Content & Longevity: 20 Maps, 100 Units, Infinite Clickbait
The base game ships with 20 official maps and 100 units, but longevity lives in the Steam Workshop. Want to see 5,000 Roblox noobs fight 300 Xenomorphs? Someone’s already uploaded it. Curious how a single, 50-million-hit-point “Goku” fares against 40,000 ewoks? Fire it up, grab a soda, and watch the slideshow. The problem is that once you’ve staged the obvious mash-ups—zombies vs. modern military, Vikings vs. knights, chickens vs. everything—the core loop reveals itself: spawn, watch, laugh, repeat. There’s no persistent progression, no unlocks, no meta layer like X-COM’s base or Total War’s campaign map. Your incentive to return is literally “What if?” and after 15–20 hours, the question starts to feel rhetorical.

Multiplayer & Mods: The Wild West
Multiplayer exists but is barely functional. The original code supports 4-player co-op “control one unit each” or versus “Red vs. Blue” battles, but netcode is peer-to-peer and desyncs the moment someone spawns 3,000 units. Most servers are empty anyway; the community collectively decided that uploading recreations of Helm’s Deep to the Workshop is more fun than lagging out across Eastern Europe. Mods, on the other hand, thrive. Beyond new units, tinkerers have added blood splatter decals, formation buttons, and even a rudimentary morale system. None are officially supported, so every patch risks breaking your favorite overhaul, but they’re free and easy to toggle via the launcher.

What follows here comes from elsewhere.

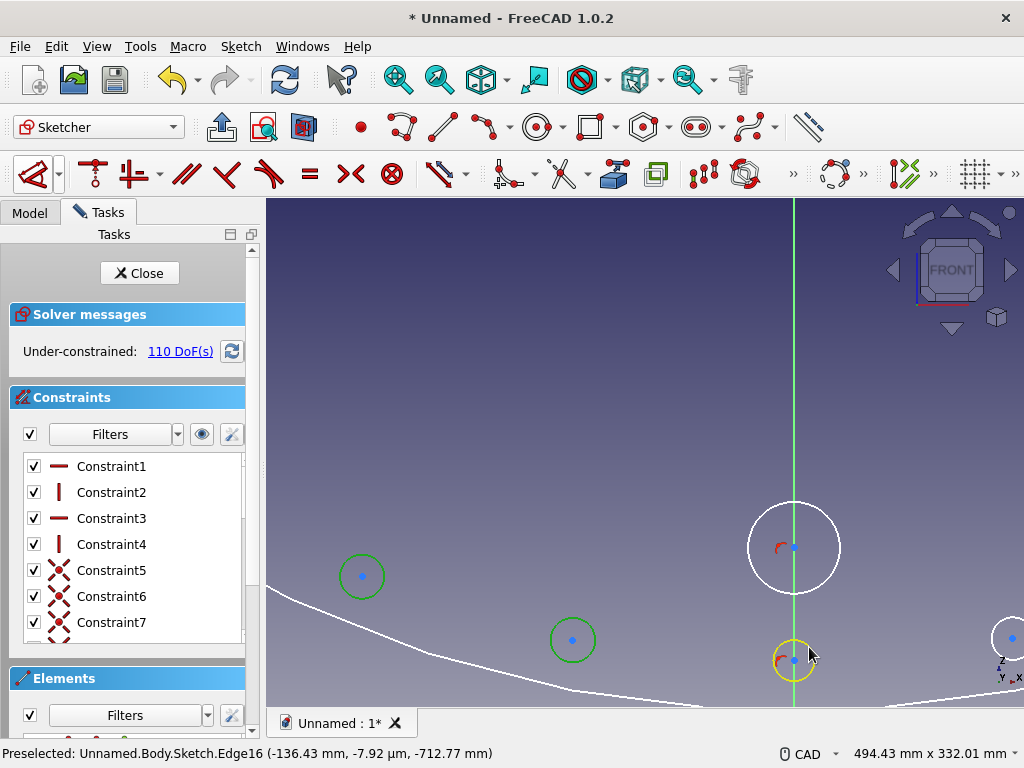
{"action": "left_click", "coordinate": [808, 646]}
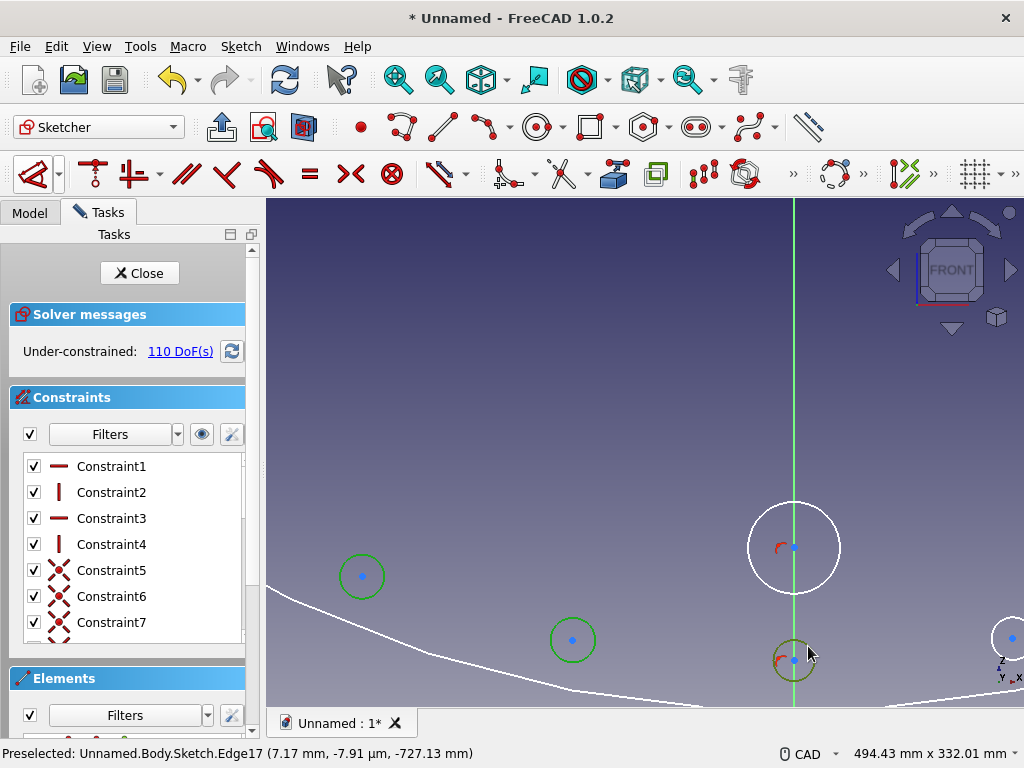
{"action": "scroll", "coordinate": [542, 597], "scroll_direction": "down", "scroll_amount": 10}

Pricing & Platforms: The $15 Question
Epic Battle Simulator is permanently $14.99 on Steam, discounted to $7.49 every major sale. Console ports never materialized, and the 2021 spiritual sequel “Ultimate Epic Battle Simulator 2” (built in Unreal Engine) offers shinier visuals but demands $20 and a beefier rig. For budget-conscious gamers, the original remains the better value—especially on a Steam Deck, where Proton compatibility nets 3–4 hours of battery life at 60 fps on low settings. There’s no battle pass, no cosmetics shop, no season roadmap—just the up-front sticker price and an optional $3 DLC soundtrack swap. In 2024’s landscape of $70 live-service titles, that honesty feels almost retro.

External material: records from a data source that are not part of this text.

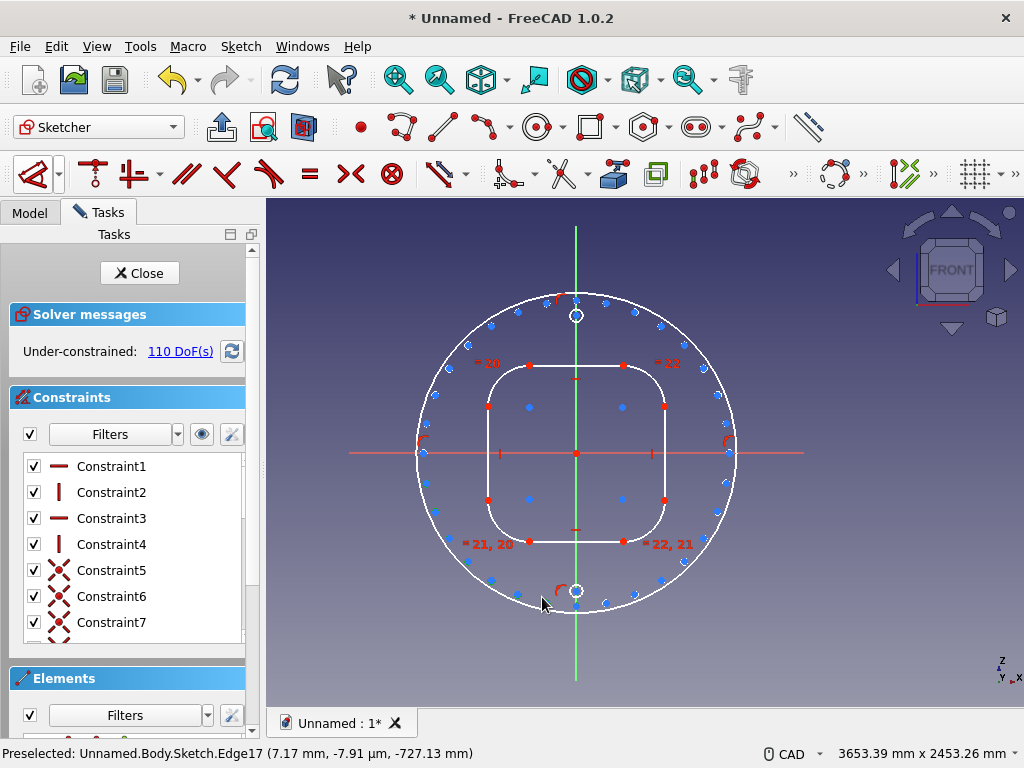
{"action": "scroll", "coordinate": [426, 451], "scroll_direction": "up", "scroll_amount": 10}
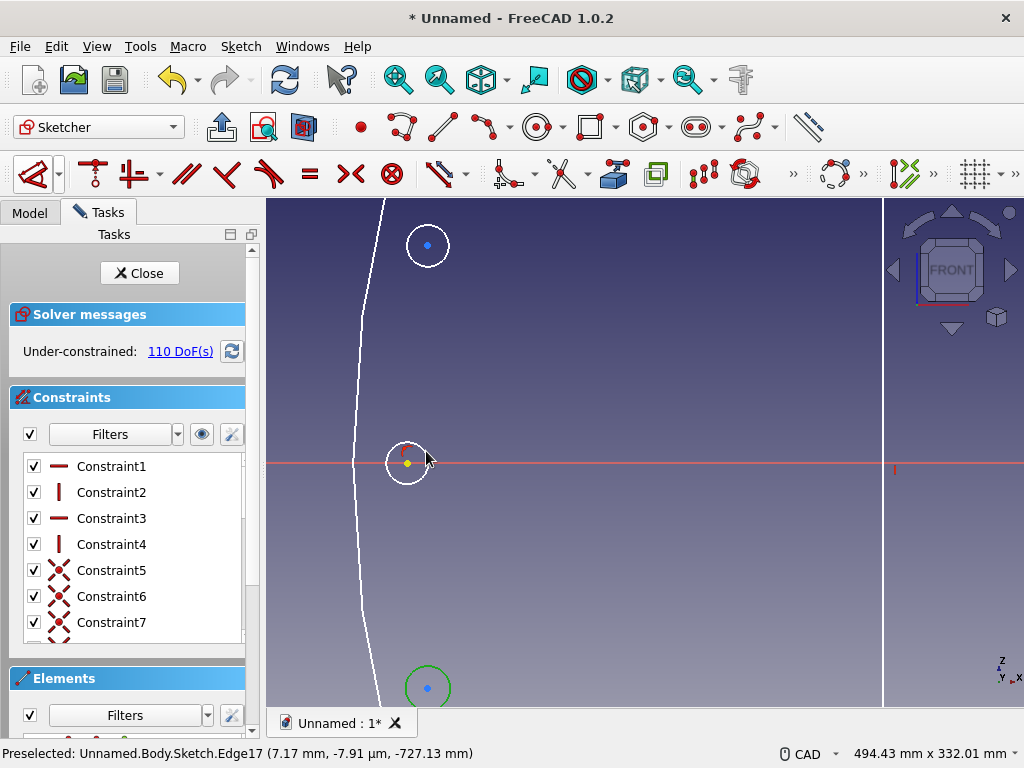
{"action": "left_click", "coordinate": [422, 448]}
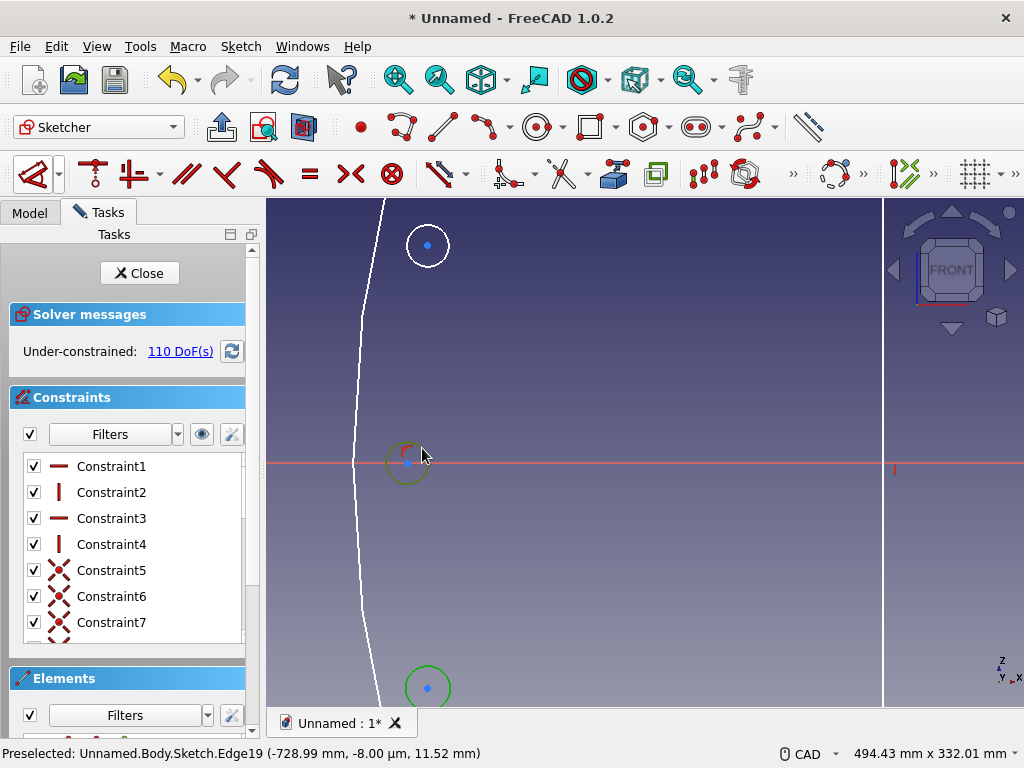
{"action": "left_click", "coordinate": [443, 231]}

Comparisons & Alternatives
If you want actual tactics with your spectacle, Totally Accurate Battle Simulator (TABS) adds unit counters, limited budgets, and puzzle-style campaign maps for the same $15. If you crave story, Mount & Blade II delivers 1,000-man battles with RPG progression but asks for 10x the hardware requirements and 3x the price. And if you just need to see 100,000 units, the newer Epic Battle Simulator 2 or Branerie’s “Ancient Warfare 3” push core counts higher, though both demand modern GPUs. Epic Battle Simulator occupies a weird middle ground: cheaper than TABS, dumber than Mount & Blade, but unrivaled at flinging 10,000 chickens down a staircase in real time.

Verdict: Should You Buy It?
Epic Battle Simulator is the gaming equivalent of a bag of cheap fireworks: light the fuse, enjoy the boom, sweep up the cardboard, and forget about it until next July. The lack of depth, polish, or meaningful progression keeps it from scoring higher, but at $15 (or $7.50 on sale) it’s a low-risk ticket to dopamine-fueled slap-stick warfare. Content creators will squeeze hundreds of thumbnail-worthy clips, parents can occupy kids who just want to see dinosaurs fight pirates, and anyone who’s ever lost an afternoon to Wikipedia “vs.” threads will find catharsis in finally witnessing the hypothetical bloodbath. Just set your expectations to “interactive screensaver,” invite a friend for commentary, and keep the unit count below 5,000 unless you want your CPU to sound like a jet engine. For everyone else, wait for a deeper spiritual successor—or stick to YouTube, where someone else has already rendered your exact fever dream in glorious 4K.